SDM total price effect vs −0.40 from two-way FE — a 57% larger response, once cross-border spillovers are counted

Spoiler. Don’t explain the mechanism yet — just plant the gap. The “best” non-spatial model (two-way FE) misses a channel worth more than half of the headline effect. We earn the −0.63 in Act II by walking from the benchmark to the Spatial Durbin Model.

Where we’re going

• The lab: a balanced 46-state, 30-year cigarette panel with a contiguity weight matrix \(W\)
• Four non-spatial benchmarks — pooled OLS to two-way FE
• The Spatial Durbin Model — neighbors’ \(Y\) and neighbors’ \(X\) both matter
• Wald tests: can the SDM collapse to SAR, SLX, or SEM?
• Dynamic extensions: separating habit from spillover

The Investigation

Act II

The lab: 46 states × 30 years, 1,380 rows, one contiguity weight matrix

• Outcome — log per-capita cigarette consumption logc
• Regressors — log real price logp, log real per-capita income logy
• Weight matrix — binary contiguity \(W\), row-standardized so \(Wy\) is a neighbor average

Strongly balanced Baltagi panel, 1963–1992. Two states are neighbors if they share a border; the diagonal of \(W\) is zero (no self-loop).

Between-state variation in logc (0.225) exceeds within-state variation (0.125), so cross-state composition matters — which foreshadows why fixed effects move the elasticities. For logp the pattern reverses: within-state variation (0.280) beats between (0.193), because real prices changed a lot over 30 years.

Row-standardizing \(W\) turns the spatial lag into a neighbor average

* Load binary contiguity W and build a row-standardized spmat object
use ".../cigar/Wct_bin.dta", replace
spmat dta Wst m1-m46, norm(row) replace
* Load the balanced cigarette panel and declare it
use ".../cigar/baltagi_cigar.dta", clear
xtset state year      // panel: state (46), time: year 1963–1992

norm(row) makes each row of \(W\) sum to 1, so \(Wy\) for California averages Nevada, Oregon, and Arizona’s consumption.
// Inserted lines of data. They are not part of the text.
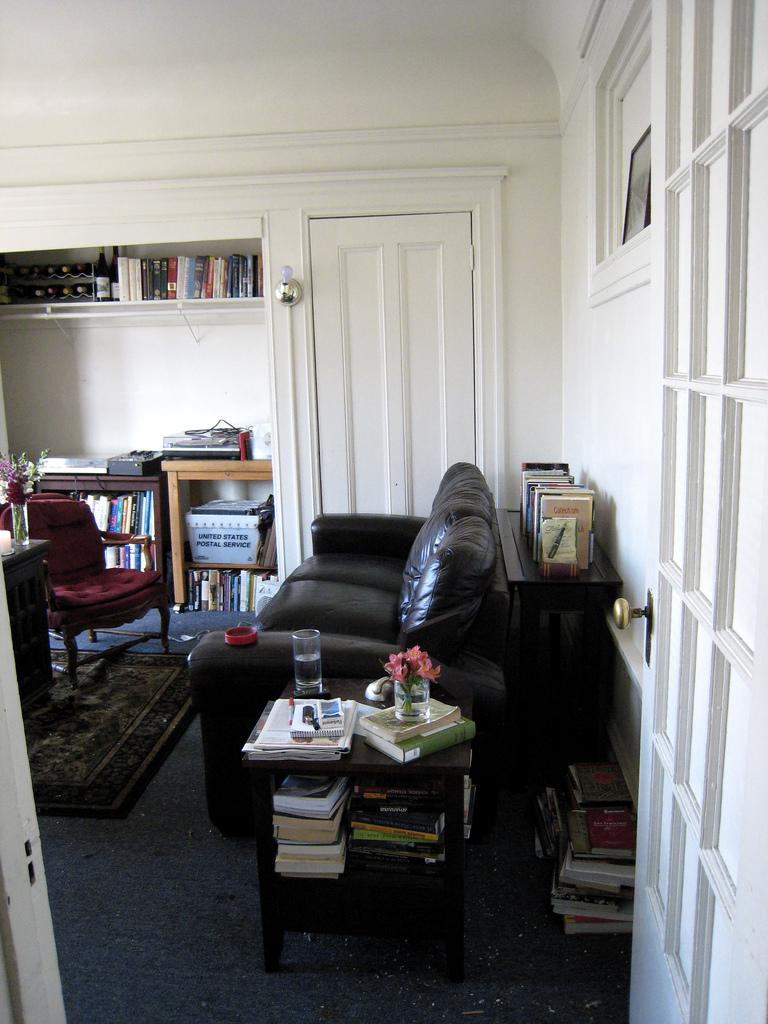Question: what other beverage than water do you see in the room?
Choices:
A. Wine.
B. Beer.
C. Soda.
D. Juice.
Answer with the letter. Answer: A Question: how many vases of water are in the room?
Choices:
A. Two.
B. Three.
C. One.
D. None.
Answer with the letter. Answer: A Question: where was this photo taken?
Choices:
A. In a living room.
B. In my car.
C. On the airplane.
D. At the recital.
Answer with the letter. Answer: A Question: what is in the room?
Choices:
A. Movies, games, and a chair.
B. Books, magazines, and a couch.
C. Cocktails, appetizers, and a fireplace.
D. Darts, beer, and a pool table.
Answer with the letter. Answer: B Question: what is on the shelf?
Choices:
A. A case.
B. A chest.
C. A box.
D. A crate.
Answer with the letter. Answer: D Question: what is on the floor?
Choices:
A. A rug.
B. A carpet.
C. A mat.
D. A tapestry.
Answer with the letter. Answer: A Question: what is on the table?
Choices:
A. A mug.
B. A goblet.
C. A glass.
D. A tumbler.
Answer with the letter. Answer: C Question: what is white?
Choices:
A. Door.
B. House.
C. Barn.
D. Car.
Answer with the letter. Answer: A Question: what is plastic?
Choices:
A. Container.
B. Bottle.
C. Cup.
D. Ball.
Answer with the letter. Answer: A Question: what is white?
Choices:
A. Car.
B. Hair.
C. Walls.
D. Cat.
Answer with the letter. Answer: C Question: where are the books?
Choices:
A. Behind the couch.
B. On the shelf.
C. On the table.
D. In a box.
Answer with the letter. Answer: A Question: where is the record player?
Choices:
A. In the closet.
B. In the room.
C. On a wooden table.
D. In the basement.
Answer with the letter. Answer: C Question: what can be seen?
Choices:
A. Many books.
B. Nothing.
C. The crowd.
D. The band.
Answer with the letter. Answer: A 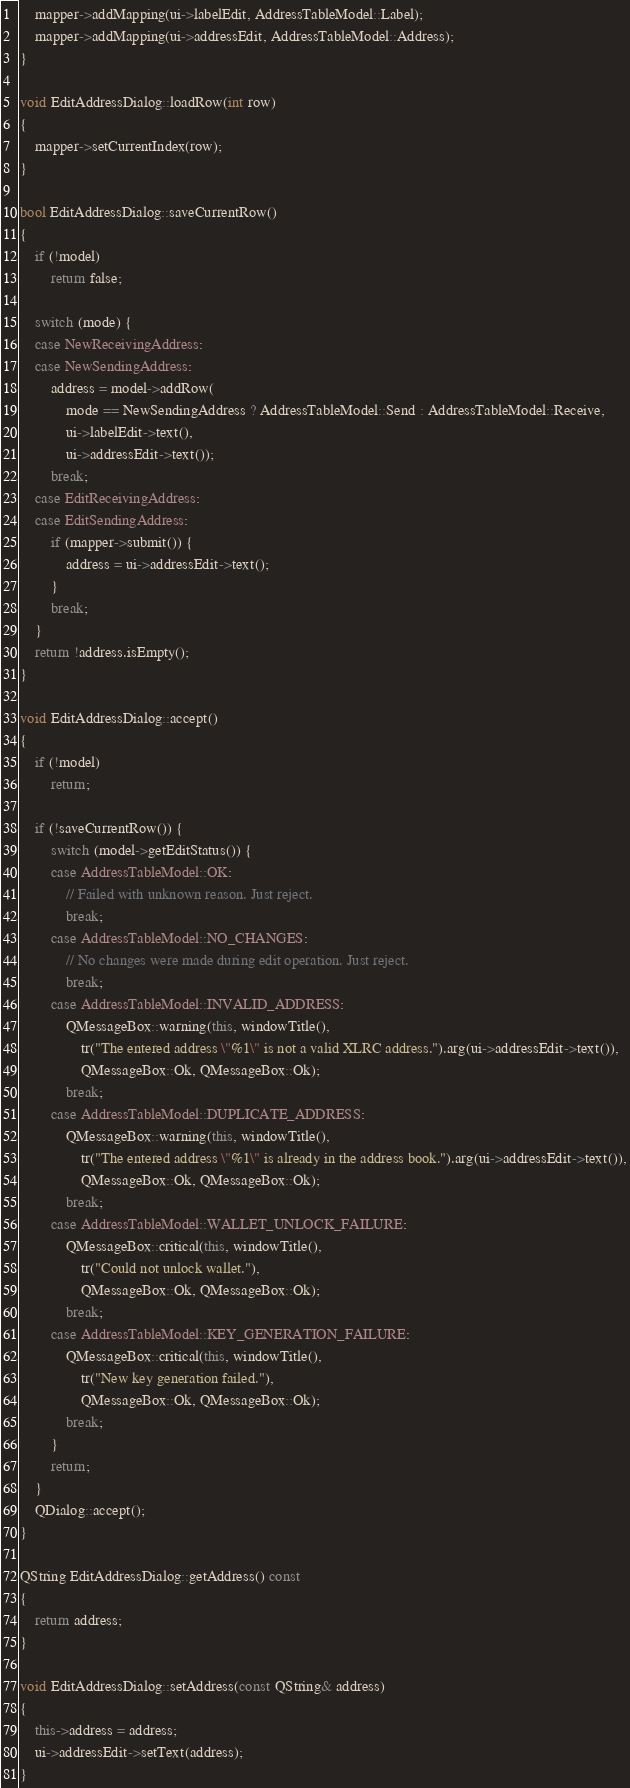<code> <loc_0><loc_0><loc_500><loc_500><_C++_>    mapper->addMapping(ui->labelEdit, AddressTableModel::Label);
    mapper->addMapping(ui->addressEdit, AddressTableModel::Address);
}

void EditAddressDialog::loadRow(int row)
{
    mapper->setCurrentIndex(row);
}

bool EditAddressDialog::saveCurrentRow()
{
    if (!model)
        return false;

    switch (mode) {
    case NewReceivingAddress:
    case NewSendingAddress:
        address = model->addRow(
            mode == NewSendingAddress ? AddressTableModel::Send : AddressTableModel::Receive,
            ui->labelEdit->text(),
            ui->addressEdit->text());
        break;
    case EditReceivingAddress:
    case EditSendingAddress:
        if (mapper->submit()) {
            address = ui->addressEdit->text();
        }
        break;
    }
    return !address.isEmpty();
}

void EditAddressDialog::accept()
{
    if (!model)
        return;

    if (!saveCurrentRow()) {
        switch (model->getEditStatus()) {
        case AddressTableModel::OK:
            // Failed with unknown reason. Just reject.
            break;
        case AddressTableModel::NO_CHANGES:
            // No changes were made during edit operation. Just reject.
            break;
        case AddressTableModel::INVALID_ADDRESS:
            QMessageBox::warning(this, windowTitle(),
                tr("The entered address \"%1\" is not a valid XLRC address.").arg(ui->addressEdit->text()),
                QMessageBox::Ok, QMessageBox::Ok);
            break;
        case AddressTableModel::DUPLICATE_ADDRESS:
            QMessageBox::warning(this, windowTitle(),
                tr("The entered address \"%1\" is already in the address book.").arg(ui->addressEdit->text()),
                QMessageBox::Ok, QMessageBox::Ok);
            break;
        case AddressTableModel::WALLET_UNLOCK_FAILURE:
            QMessageBox::critical(this, windowTitle(),
                tr("Could not unlock wallet."),
                QMessageBox::Ok, QMessageBox::Ok);
            break;
        case AddressTableModel::KEY_GENERATION_FAILURE:
            QMessageBox::critical(this, windowTitle(),
                tr("New key generation failed."),
                QMessageBox::Ok, QMessageBox::Ok);
            break;
        }
        return;
    }
    QDialog::accept();
}

QString EditAddressDialog::getAddress() const
{
    return address;
}

void EditAddressDialog::setAddress(const QString& address)
{
    this->address = address;
    ui->addressEdit->setText(address);
}
</code>

spmat dta reads columns m1..m46 as the weight matrix object Wst. Row-standardization is the convention that lets you read the spatial lag as “the average of my neighbors,” not an unscaled sum. xtset declares the panel so xtreg and xsmle know the state and time dimensions.

Pooled OLS says price elasticity is −0.39 — but it assumes states are interchangeable

Outcome	Coef.	SE	Sig.?
logp (price)	−0.386	0.031	yes
logy (income)	0.372	0.026	yes

\(R^2 = 0.224\). This naive benchmark ignores the panel structure entirely — every state treated as an independent draw.

Pooled OLS treats all 1,380 observations as independent. The negative price and positive income elasticities are both significant, but the assumption of no systematic cross-state differences is untenable given the large between-state variation. This is the loosest of four benchmarks; the next three add discipline.

Fixed effects swing the elasticity from −0.23 to −0.86 depending on what you absorb

Region FE

• absorbs time-invariant state traits
• \(\hat\beta_{logp} = -0.231\)
• income turns insignificant (\(-0.015\))
• within \(R^2 = 0.406\)

Time FE

• absorbs common year shocks
• \(\hat\beta_{logp} = -0.861\)
• income \(+0.805\)
• \(R^2 = 0.507\)

The contrast is the whole point of comparing fixed-effects schemes. Region FE exploits within-state variation over time; time FE exploits cross-state variation within a year. They give wildly different elasticities — the identifying variation drives the answer. The two-way model, next, combines both.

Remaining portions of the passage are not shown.